Art values have continued to rise, in defiance of the general economic gloom, and what for most collectors started as an impulse, then became a hobby, has proved a successful investment. The art collection frequently represents a substantial part of a family’s wealth and has become a key aspect of the family’s financial and succession planning.

Before thinking about financial planning, collectors should consider what they want to do with the collection, both during their lifetime and after death:

  • Is it primarily for personal enjoyment?
  • Is it a legacy, and if so with what objectives?
  • Has it become partially an investment?
  • Is it to serve wider philanthropic goals?

Often it is a combination of these things, and for some families the collection becomes a cultural legacy, acting as a focus for involving family members in wider social projects.

The wishes of the original collector may change over time and may differ from those who inherit the collection, so flexibility can be important. It is often wise to consider whether and when to involve the next generation in this area. While tax should never be the sole consideration, its impact can be substantial, so it can be an important influence when selecting a suitable holding structure.

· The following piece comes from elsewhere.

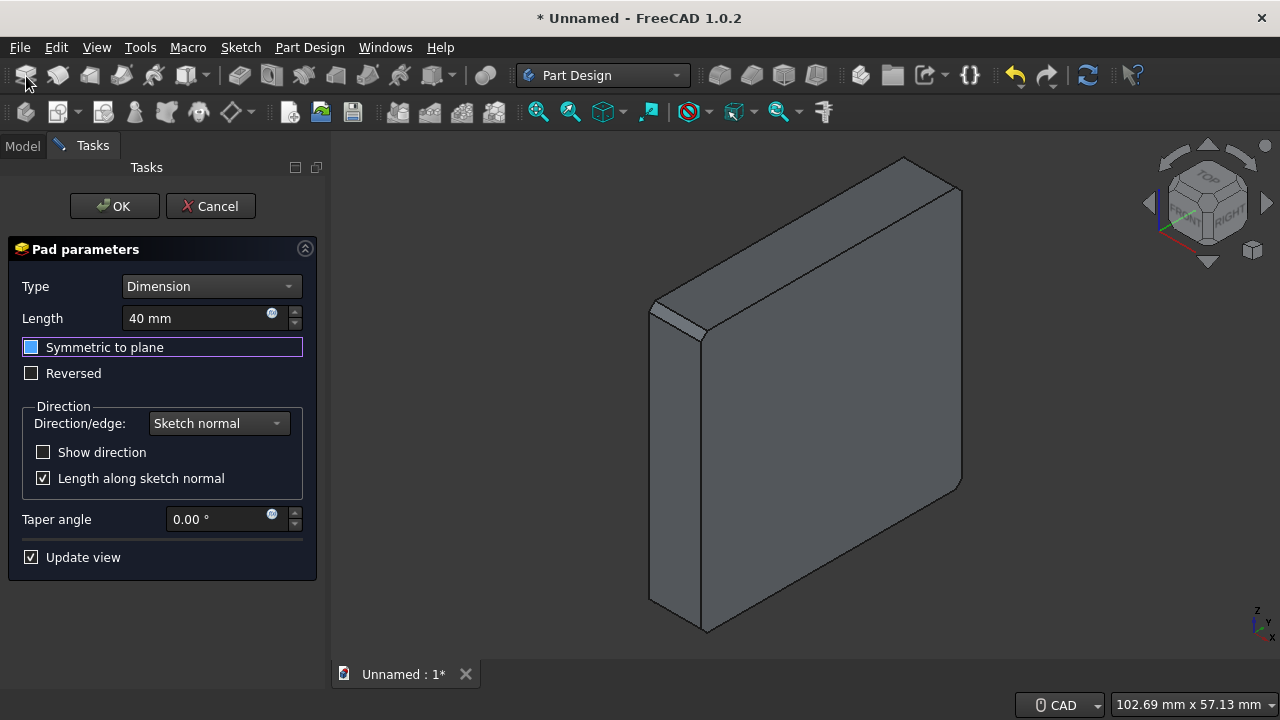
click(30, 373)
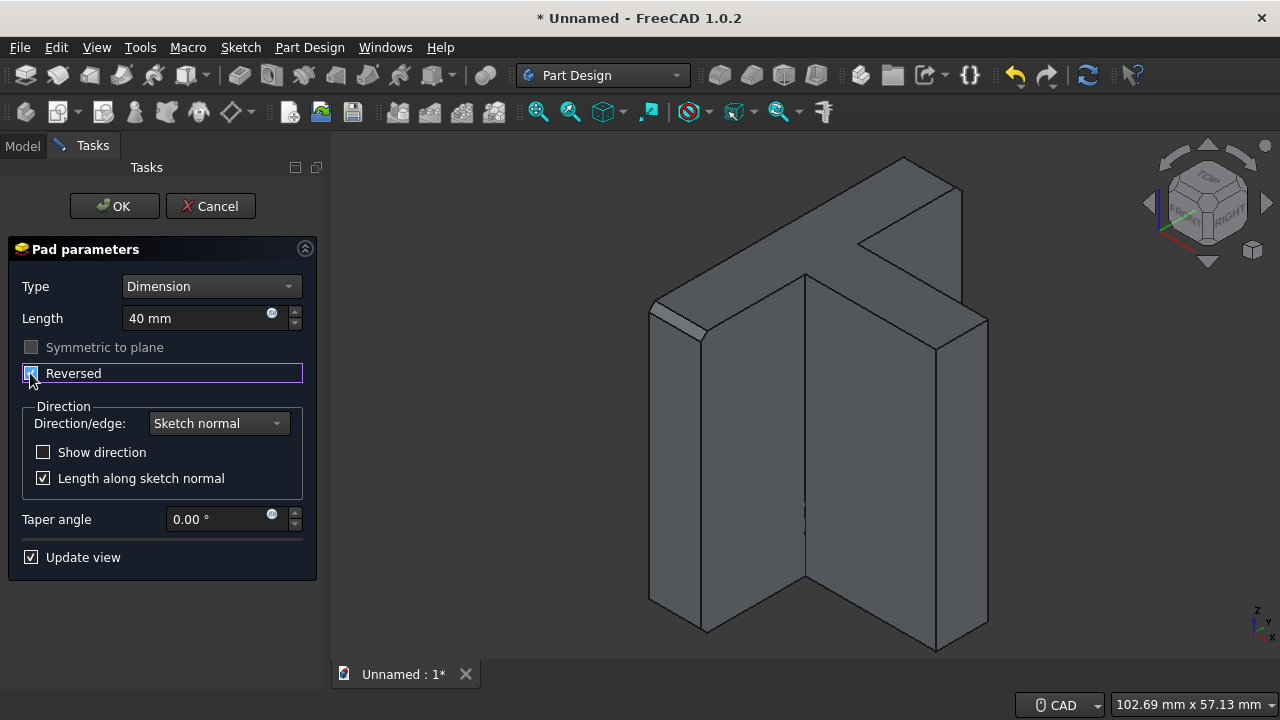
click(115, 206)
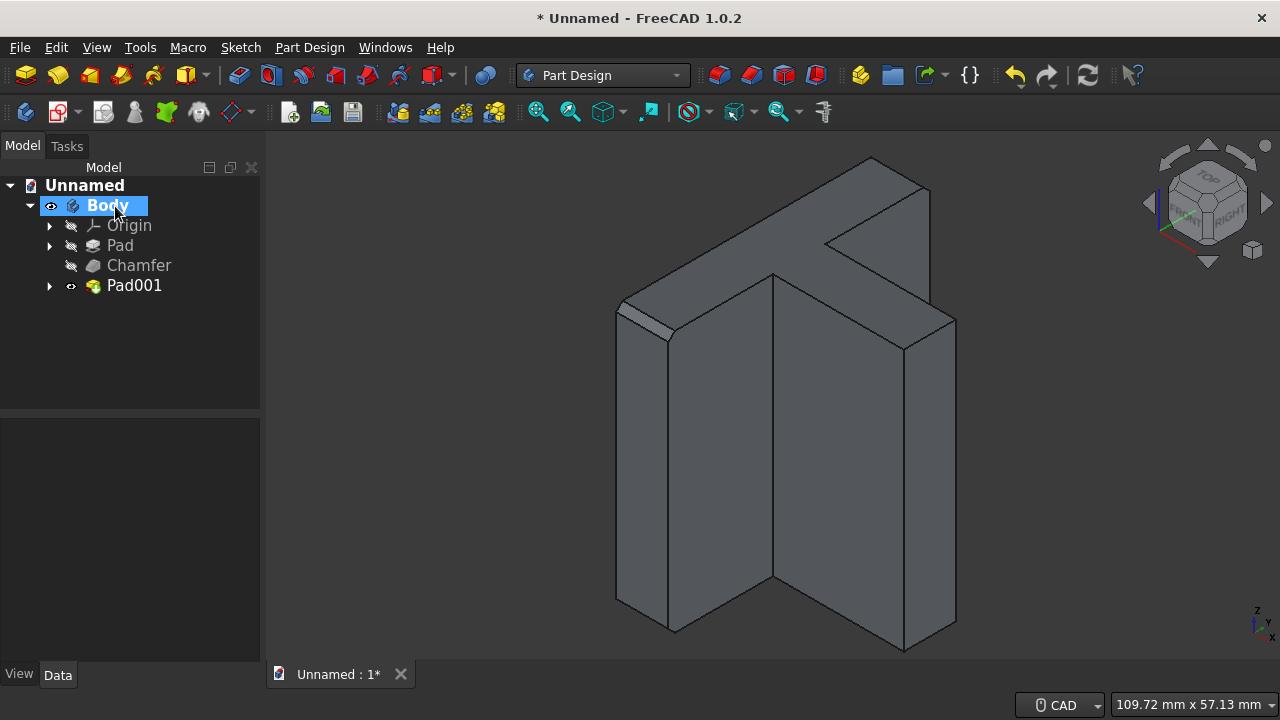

The main structuring choices are whether to hold art in one’s own name, hold it through a trust (possibly with an underlying company) or foundation, or give it away to a charity or to the nation.

Individual ownership

Holding art in your own name has the benefit of simplicity. It avoids holding costs, such as trustee and company administration fees, which over time can be expensive. However, it may not always produce the best tax result.

A UK-resident individual, domiciled in the UK, is liable to capital gains tax (CGT) of 28 per cent on disposal and inheritance tax (IHT) of 40 per cent on death. Planning around these taxes can be tricky. A non-domiciled, remittance-basis taxpayer faces the same considerations if they bring the artwork into the UK, unless it is held in an offshore trust structure. In addition, bringing personally held art into the UK on a long-term basis may give rise to a tax charge under the remittance rules (unless it is purchased with clean capital).

It is, however, possible to bring artwork into the UK temporarily without creating a tax liability, either for exhibition by an ‘approved institution’ (generally limited to two years) or for sale (provided proceeds are removed from the UK within 45 days of sale). In both cases, it is vital to study the rules to ensure import documentation is correctly drafted. Moreover, further taxes may be payable in the country of domicile.

Holding art in a trust

Holding the collection in a trust provides continuity, both in lifetime and on death, and sometimes asset protection in the case of divorce or bankruptcy. Whatever happens to the settlor, the trustees can continue to manage, dispose of or distribute the collection in accordance with the terms of the trust. This could suit the needs of an individual who wishes the collection to be maintained intact or as a living collection after death, with or without the involvement of the family.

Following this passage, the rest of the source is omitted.